Experiment with LSTM Neural Network With More Available Training Data in the Future
We compared approximately twenty different machine learning models to forecast visitor flows in the Bavarian Forest National Park using the Python package PyCaret. From this comparison, the Extra Trees Regressor emerged as the top candidate based on several model fit indices.
In addition, we developed a Long Short-Term Memory (LSTM) recurrent neural network. LSTM networks are specifically designed to learn from and retain information in sequences of data, using a unique memory cell structure that enables them to effectively capture long-term dependencies.
While the LSTM models performed similarly to the Extra Trees Regressor, we ultimately chose to implement the Extra Trees Regressor in our final product due to its lower computational demands and ability to perform well with less data.
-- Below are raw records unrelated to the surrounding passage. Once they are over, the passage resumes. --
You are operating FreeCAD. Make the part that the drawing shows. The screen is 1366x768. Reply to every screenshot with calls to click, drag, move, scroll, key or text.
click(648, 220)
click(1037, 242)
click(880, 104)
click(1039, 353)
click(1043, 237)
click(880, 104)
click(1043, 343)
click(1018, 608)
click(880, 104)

However, we anticipate that as more visitor flow data is collected at the Bavarian Forest National Park, switching to LSTM models may become advantageous, as LSTMs are better equipped to handle large datasets and complex temporal patterns. LSTM and Extra Trees Regressor models should be compared again in the future once more data is available.
Additionally, due to time constraints of the fellowship and project timeline, we were unable to test LSTM on the model training strategy outlined in the previous section. Applying LSTM to the eight specific visitor sensors that have been actively collecting data since 2021 may yield more accurate predictions for the park overall compared to those generated by Extra Trees models, which rely on data from sensors installed in 2023 and later.
Proposed Study: GPS Tracking and Survey Data to Monitor Spatial and Temporal Visitor Behavior in Bavarian Forest National Park
A future study could address many limitations of the current project by incorporating GPS tracking technology and survey data to analyze the spatial and temporal behavior of visitors in the Bavarian Forest National Park (BFNP) at a detailed level. Questionnaires could be administered to a random sample of park visitors using Stratified Probability Proportional to Size sampling based on random times and locations within different regions of the park. Survey respondents would report on their behaviors at BFNP, along with demographic and other relevant information. They could also be asked for consent to use a GPS tracking device to monitor their movement patterns within the park's trail networks for the duration of their visit to the park, and consent to link their GPS data to their survey responses could also be obtained.
GPS tracking data would be collected over a 12-month period to capture seasonal variations in visitor behavior. This rich dataset could be used to analyze visitor distributions across different trail segments, enabling the park to produce hourly forecasts for specific trail sections. Additionally, the survey data could provide insights into differences between local and tourist visitors, helping BFNP explore how these groups affect the park differently and may require distinct resources.
Currently, the park's sensors cannot distinguish between tourists and local visitors. Future studies could develop classification models to identify these groups more accurately, allowing for more granular predictions. GPS data could also inform the optimal placement of sensors, helping the park detect areas where visitors are missed at entry or exit points. Furthermore, the study could estimate and adjust for double-counting errors at visitor centers, improving the accuracy of future predictive models.